*Work to complete*: Below are lines of data, and only some are wanted. Please repeat exactly those from the line that has "Your answer should be very brief. No. What" through the line that has "Give a very".

*Task data*:
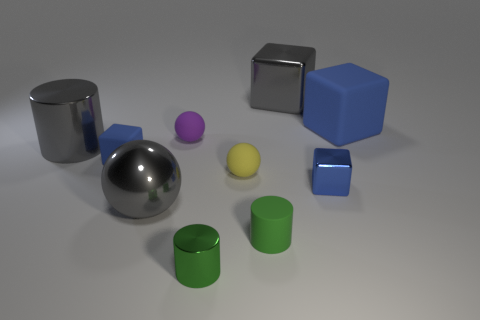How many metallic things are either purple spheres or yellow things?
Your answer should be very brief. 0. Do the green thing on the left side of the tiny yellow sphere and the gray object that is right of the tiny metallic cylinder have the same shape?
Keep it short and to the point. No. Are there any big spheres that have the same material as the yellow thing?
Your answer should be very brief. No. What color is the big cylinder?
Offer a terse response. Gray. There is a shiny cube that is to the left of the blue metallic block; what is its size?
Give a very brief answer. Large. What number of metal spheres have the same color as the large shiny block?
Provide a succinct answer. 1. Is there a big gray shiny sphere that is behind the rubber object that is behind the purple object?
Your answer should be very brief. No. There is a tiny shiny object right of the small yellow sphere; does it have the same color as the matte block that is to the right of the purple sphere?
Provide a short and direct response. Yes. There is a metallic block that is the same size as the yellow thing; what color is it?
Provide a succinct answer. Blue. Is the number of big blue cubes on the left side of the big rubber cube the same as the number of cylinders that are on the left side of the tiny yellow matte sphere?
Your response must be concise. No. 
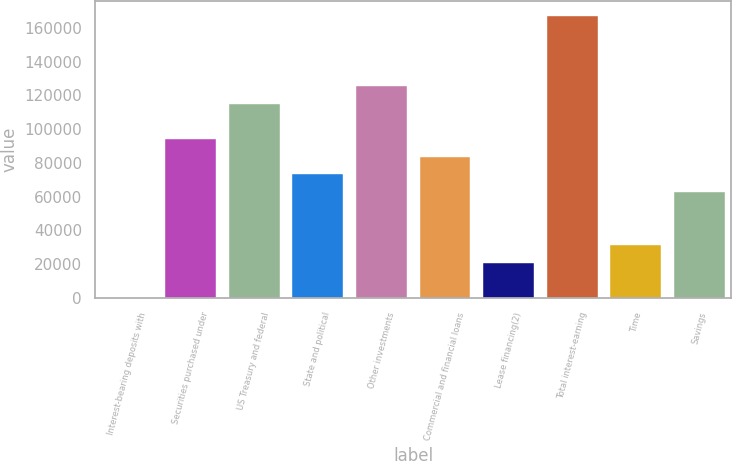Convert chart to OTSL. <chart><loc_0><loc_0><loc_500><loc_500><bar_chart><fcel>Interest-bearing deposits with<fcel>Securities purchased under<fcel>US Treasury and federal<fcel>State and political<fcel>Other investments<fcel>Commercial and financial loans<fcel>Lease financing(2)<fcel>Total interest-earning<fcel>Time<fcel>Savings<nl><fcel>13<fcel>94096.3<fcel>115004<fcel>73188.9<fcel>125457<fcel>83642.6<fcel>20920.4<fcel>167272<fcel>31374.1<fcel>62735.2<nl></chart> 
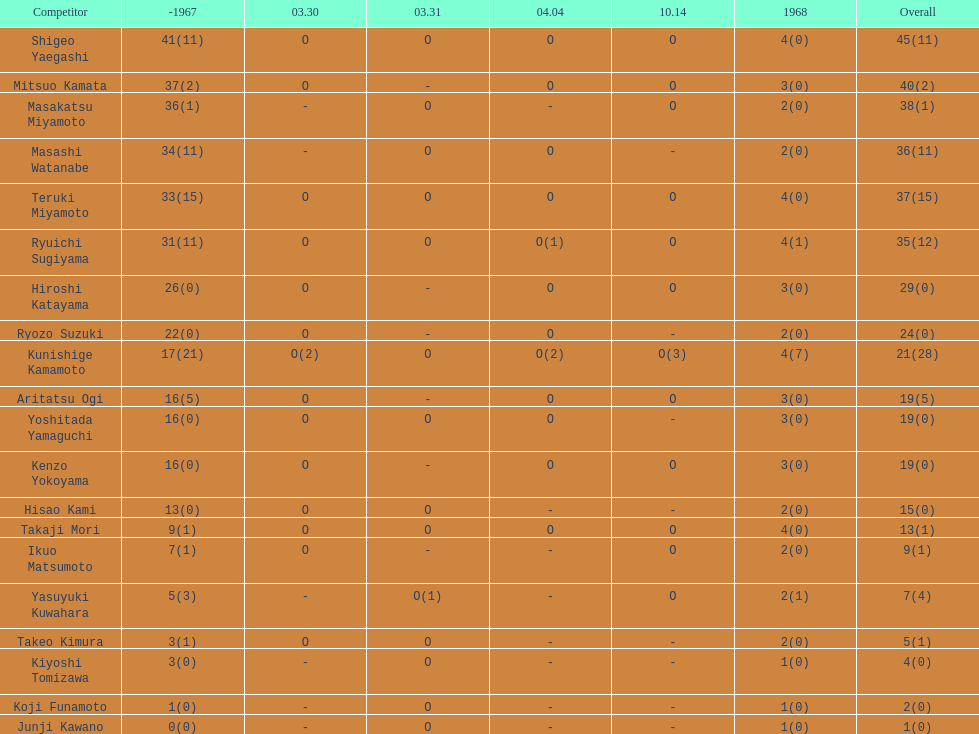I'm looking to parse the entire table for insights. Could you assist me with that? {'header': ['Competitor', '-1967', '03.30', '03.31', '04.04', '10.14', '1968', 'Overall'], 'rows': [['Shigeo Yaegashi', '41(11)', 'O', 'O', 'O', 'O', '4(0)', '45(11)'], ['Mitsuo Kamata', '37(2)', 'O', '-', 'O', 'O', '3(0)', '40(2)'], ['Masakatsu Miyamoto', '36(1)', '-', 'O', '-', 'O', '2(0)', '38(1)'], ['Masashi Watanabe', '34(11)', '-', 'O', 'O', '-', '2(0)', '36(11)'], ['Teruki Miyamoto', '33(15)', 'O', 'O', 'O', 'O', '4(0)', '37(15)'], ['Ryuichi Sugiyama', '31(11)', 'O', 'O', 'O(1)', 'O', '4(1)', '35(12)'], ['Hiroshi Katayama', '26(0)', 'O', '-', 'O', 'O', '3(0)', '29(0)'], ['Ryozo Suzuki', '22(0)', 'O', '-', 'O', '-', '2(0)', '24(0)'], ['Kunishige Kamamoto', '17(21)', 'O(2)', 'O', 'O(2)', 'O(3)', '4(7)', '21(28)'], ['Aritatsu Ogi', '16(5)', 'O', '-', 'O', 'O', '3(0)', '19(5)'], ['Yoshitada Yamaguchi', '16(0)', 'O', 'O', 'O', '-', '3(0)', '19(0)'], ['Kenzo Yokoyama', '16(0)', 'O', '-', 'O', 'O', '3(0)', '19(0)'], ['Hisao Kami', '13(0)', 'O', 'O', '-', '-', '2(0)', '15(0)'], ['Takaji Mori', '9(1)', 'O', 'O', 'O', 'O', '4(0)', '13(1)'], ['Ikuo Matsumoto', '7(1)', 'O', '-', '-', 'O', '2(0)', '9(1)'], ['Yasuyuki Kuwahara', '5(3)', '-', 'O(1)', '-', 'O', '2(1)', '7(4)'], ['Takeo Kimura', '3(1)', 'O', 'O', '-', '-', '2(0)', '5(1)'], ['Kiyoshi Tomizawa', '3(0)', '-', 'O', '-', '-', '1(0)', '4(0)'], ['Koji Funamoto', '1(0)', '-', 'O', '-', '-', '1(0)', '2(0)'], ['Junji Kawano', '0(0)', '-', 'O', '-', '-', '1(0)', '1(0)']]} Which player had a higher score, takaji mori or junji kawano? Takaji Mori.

*Result for this exercise*:
Your answer should be very brief. No. What color is the big cylinder?
Offer a terse response. Gray. There is a shiny cube that is to the left of the blue metallic block; what is its size?
Give a very brief answer. Large. What number of metal spheres have the same color as the large shiny block?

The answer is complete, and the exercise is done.